Input data:
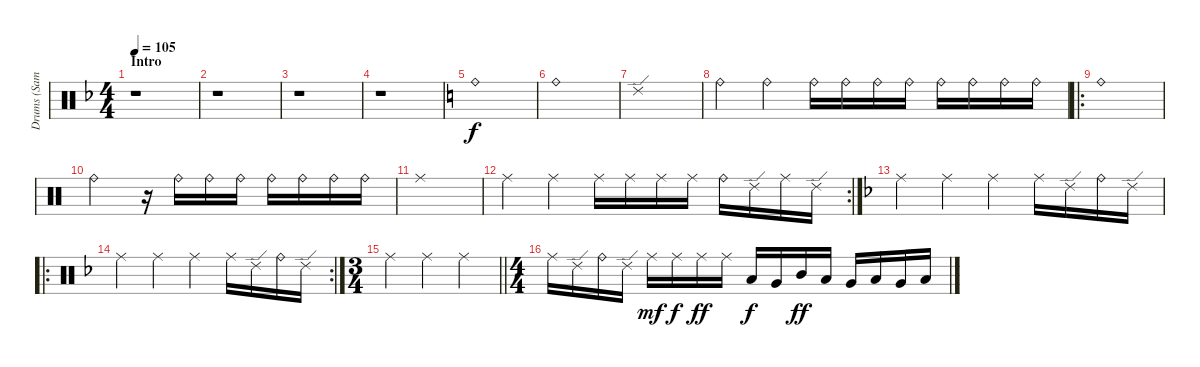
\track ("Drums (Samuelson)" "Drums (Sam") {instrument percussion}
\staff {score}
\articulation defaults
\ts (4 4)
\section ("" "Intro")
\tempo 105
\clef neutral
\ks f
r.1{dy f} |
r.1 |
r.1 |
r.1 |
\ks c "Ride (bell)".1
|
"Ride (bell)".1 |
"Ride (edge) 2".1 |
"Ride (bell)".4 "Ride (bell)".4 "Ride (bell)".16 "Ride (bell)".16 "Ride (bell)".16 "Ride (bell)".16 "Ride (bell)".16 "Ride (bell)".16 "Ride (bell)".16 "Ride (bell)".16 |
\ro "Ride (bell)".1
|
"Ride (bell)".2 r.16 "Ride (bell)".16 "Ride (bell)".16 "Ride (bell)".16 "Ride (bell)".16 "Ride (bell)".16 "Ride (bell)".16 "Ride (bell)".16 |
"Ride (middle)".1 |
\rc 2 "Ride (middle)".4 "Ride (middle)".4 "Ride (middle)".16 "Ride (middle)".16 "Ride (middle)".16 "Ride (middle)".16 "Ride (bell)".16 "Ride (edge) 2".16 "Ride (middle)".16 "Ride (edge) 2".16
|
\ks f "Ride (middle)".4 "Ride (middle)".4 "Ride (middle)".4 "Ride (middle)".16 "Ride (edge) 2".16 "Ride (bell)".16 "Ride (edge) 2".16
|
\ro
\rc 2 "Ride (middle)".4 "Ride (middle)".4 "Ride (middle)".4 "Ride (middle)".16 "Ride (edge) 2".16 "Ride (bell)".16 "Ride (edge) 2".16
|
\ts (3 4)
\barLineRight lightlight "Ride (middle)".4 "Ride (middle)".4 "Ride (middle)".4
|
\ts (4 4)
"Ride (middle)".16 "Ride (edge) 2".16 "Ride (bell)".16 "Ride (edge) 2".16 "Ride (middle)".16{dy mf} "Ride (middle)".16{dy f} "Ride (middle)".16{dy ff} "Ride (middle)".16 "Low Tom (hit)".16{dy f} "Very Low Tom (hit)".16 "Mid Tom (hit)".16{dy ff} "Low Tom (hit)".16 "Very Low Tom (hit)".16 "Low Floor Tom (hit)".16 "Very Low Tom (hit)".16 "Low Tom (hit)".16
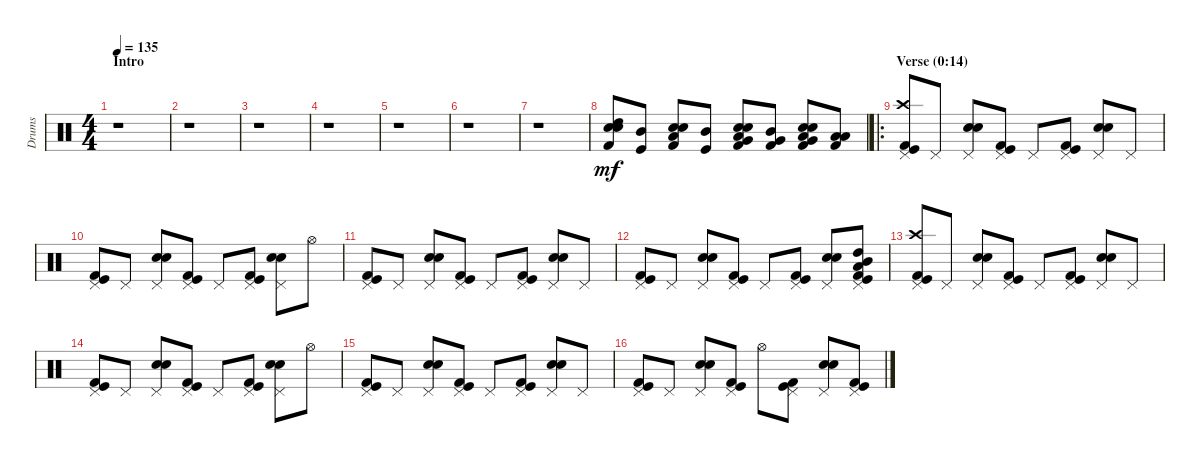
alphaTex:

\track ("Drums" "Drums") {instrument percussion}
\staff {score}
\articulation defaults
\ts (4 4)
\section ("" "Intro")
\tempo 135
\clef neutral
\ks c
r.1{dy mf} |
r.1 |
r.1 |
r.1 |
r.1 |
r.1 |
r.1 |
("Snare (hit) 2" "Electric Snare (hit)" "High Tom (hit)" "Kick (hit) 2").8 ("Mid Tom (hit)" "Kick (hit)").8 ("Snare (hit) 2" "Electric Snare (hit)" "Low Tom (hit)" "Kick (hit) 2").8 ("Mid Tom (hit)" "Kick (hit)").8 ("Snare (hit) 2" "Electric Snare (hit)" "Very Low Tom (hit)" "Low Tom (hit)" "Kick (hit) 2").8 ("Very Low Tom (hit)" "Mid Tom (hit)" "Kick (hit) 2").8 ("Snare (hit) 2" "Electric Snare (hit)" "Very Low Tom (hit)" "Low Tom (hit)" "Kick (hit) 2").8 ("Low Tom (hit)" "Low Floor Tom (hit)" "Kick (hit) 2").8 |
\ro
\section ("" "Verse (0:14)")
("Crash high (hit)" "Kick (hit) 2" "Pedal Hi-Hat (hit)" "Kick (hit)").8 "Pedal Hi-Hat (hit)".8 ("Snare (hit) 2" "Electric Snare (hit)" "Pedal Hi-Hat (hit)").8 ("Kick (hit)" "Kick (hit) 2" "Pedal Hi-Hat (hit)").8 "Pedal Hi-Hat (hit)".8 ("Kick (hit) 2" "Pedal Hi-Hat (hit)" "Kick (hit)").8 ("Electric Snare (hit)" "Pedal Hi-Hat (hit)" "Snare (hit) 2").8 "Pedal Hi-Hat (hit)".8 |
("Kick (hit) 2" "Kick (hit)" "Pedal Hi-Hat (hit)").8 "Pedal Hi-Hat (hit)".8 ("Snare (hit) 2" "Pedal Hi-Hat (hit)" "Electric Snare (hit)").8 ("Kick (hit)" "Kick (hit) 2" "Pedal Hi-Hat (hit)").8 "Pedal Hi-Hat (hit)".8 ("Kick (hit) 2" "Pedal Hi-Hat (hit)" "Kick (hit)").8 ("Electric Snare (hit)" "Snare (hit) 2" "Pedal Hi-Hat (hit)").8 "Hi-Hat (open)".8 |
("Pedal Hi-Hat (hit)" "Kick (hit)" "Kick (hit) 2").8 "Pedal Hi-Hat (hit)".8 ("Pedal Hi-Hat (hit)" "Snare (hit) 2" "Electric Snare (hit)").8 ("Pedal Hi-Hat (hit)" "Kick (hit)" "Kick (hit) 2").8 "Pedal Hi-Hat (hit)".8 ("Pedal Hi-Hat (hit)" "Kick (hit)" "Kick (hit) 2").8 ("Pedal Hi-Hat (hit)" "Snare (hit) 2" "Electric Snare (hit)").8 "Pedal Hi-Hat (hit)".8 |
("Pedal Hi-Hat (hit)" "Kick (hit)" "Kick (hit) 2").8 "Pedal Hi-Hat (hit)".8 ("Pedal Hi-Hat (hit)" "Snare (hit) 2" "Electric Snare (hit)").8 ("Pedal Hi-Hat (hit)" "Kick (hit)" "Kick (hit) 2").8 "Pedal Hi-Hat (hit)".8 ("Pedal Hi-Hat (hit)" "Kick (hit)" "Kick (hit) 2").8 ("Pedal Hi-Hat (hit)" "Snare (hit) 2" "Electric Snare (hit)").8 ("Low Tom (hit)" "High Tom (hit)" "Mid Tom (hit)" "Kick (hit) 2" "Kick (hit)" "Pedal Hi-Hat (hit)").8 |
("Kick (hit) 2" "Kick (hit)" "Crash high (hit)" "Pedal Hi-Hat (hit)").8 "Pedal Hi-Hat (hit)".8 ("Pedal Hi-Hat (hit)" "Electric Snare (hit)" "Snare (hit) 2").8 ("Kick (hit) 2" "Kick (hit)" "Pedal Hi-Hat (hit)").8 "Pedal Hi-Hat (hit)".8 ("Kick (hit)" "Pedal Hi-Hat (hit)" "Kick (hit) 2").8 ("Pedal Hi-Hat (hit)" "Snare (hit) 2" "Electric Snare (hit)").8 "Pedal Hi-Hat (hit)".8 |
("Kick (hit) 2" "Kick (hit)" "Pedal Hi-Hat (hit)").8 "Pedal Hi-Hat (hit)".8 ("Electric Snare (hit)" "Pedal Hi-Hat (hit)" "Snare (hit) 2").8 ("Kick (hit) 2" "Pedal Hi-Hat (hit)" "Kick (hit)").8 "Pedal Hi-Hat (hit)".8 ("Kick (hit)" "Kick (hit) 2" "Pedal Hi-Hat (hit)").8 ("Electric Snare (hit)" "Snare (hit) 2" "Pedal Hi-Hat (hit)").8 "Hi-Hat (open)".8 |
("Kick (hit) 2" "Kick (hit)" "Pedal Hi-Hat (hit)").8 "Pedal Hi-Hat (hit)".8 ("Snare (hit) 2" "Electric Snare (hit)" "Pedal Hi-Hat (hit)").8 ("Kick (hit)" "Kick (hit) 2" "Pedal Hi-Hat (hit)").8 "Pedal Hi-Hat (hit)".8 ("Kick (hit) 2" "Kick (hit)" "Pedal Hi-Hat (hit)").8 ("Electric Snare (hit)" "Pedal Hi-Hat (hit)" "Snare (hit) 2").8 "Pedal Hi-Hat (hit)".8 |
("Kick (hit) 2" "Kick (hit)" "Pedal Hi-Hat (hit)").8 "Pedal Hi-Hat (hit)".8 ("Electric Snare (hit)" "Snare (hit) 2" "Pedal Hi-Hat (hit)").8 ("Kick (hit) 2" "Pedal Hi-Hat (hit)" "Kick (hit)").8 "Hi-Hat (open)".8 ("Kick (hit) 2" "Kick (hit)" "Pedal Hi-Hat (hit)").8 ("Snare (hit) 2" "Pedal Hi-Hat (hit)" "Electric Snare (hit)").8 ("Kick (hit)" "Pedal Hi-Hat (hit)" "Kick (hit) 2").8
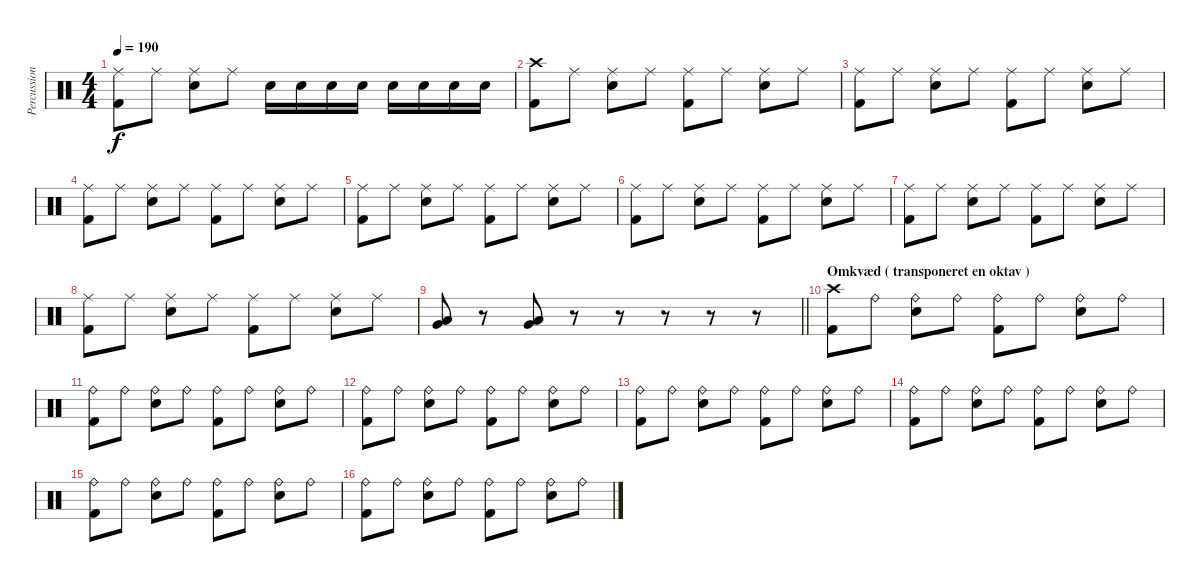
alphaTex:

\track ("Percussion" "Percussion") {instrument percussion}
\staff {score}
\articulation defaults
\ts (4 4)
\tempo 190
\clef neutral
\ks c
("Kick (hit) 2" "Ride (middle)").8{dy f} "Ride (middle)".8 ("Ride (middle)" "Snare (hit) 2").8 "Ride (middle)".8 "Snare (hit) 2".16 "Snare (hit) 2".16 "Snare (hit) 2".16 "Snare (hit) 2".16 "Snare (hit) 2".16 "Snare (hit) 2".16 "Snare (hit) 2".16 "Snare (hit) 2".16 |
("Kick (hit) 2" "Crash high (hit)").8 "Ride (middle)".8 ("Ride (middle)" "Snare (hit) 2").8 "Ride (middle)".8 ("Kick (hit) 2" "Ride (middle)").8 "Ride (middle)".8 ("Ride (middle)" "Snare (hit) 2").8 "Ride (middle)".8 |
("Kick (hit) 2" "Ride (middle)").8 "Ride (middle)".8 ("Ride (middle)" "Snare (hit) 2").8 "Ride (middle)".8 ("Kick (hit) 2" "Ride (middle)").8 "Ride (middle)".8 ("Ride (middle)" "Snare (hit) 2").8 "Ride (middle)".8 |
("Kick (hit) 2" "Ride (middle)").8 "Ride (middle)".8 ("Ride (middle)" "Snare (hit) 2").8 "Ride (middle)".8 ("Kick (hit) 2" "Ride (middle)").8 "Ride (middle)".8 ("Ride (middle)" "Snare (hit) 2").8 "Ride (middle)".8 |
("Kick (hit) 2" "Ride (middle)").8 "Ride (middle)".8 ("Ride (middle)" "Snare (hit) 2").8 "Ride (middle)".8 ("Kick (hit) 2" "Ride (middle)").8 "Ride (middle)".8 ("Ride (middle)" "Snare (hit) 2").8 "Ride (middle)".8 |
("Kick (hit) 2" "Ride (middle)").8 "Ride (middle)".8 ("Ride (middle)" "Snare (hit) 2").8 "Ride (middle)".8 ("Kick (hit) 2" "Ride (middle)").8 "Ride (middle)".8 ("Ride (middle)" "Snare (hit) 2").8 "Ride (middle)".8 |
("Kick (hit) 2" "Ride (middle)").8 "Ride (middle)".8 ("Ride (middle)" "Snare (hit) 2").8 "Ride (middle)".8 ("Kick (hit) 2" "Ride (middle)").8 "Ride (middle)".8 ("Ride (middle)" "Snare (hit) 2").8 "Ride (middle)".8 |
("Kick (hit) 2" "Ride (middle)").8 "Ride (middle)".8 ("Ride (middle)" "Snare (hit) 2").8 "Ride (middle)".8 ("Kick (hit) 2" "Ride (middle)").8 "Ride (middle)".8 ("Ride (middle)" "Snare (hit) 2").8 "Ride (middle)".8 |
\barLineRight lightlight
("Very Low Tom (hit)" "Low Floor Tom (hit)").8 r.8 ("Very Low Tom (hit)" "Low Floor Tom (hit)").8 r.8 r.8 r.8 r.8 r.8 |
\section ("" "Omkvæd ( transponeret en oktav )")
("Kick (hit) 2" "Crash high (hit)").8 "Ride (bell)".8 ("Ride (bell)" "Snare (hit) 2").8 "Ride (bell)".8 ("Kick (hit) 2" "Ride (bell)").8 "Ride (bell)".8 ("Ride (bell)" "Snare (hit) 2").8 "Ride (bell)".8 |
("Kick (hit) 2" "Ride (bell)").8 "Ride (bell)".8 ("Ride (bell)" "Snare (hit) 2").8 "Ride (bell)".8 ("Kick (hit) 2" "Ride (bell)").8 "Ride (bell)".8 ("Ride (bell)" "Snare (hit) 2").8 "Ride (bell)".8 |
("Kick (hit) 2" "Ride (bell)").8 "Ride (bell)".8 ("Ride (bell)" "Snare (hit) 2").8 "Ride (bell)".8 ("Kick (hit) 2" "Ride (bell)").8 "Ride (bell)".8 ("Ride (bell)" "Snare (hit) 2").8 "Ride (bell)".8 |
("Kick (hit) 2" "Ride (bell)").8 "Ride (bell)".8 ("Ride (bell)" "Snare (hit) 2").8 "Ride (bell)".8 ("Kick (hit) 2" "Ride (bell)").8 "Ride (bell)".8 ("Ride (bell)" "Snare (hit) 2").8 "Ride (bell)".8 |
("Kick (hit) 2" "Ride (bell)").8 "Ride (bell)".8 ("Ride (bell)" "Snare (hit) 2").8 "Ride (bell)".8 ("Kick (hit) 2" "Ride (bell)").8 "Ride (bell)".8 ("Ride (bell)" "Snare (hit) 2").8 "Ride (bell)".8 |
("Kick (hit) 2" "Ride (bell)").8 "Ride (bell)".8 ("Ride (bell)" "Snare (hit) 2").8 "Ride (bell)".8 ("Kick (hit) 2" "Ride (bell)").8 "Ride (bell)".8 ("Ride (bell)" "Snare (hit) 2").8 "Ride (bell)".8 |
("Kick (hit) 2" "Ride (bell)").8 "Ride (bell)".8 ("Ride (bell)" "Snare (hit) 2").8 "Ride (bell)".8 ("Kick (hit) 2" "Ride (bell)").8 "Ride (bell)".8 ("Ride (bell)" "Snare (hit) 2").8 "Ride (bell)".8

Your goal:
When the records above are checked line by line, how many lines contain the word "barLineRight"? Please give only that number.

Result of this exercise:
2